● **Problem statement**: Transcribe exactly, please, the line bearing "- sneaker [445,0,639,247]" and all later lines through the end of the records, with the pictures left out.

┌──

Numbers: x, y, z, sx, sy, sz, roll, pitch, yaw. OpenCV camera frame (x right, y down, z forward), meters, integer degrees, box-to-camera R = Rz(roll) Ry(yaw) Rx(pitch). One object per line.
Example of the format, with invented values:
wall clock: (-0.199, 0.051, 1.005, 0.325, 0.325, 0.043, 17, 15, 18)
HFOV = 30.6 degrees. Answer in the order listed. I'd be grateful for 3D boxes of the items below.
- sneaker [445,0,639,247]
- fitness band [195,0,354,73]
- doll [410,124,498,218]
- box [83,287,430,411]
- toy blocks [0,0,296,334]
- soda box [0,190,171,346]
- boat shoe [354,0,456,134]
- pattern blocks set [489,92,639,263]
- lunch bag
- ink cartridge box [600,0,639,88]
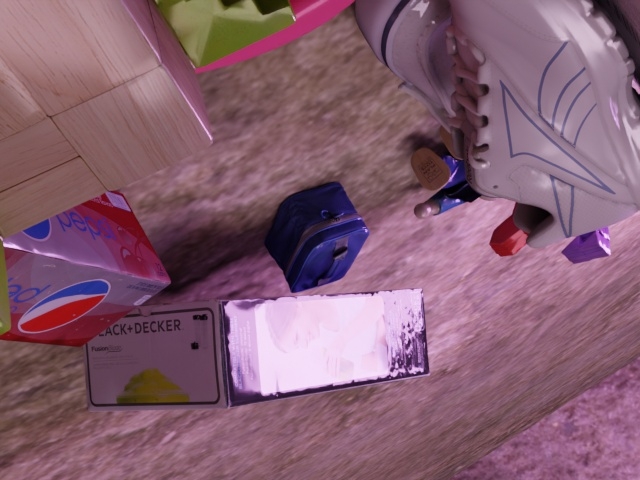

└──

● **Problem solution**:
- sneaker [445,0,639,247]
- fitness band [195,0,354,73]
- doll [410,124,498,218]
- box [83,287,430,411]
- toy blocks [0,0,296,334]
- soda box [0,190,171,346]
- boat shoe [354,0,456,134]
- pattern blocks set [489,92,639,263]
- lunch bag
- ink cartridge box [600,0,639,88]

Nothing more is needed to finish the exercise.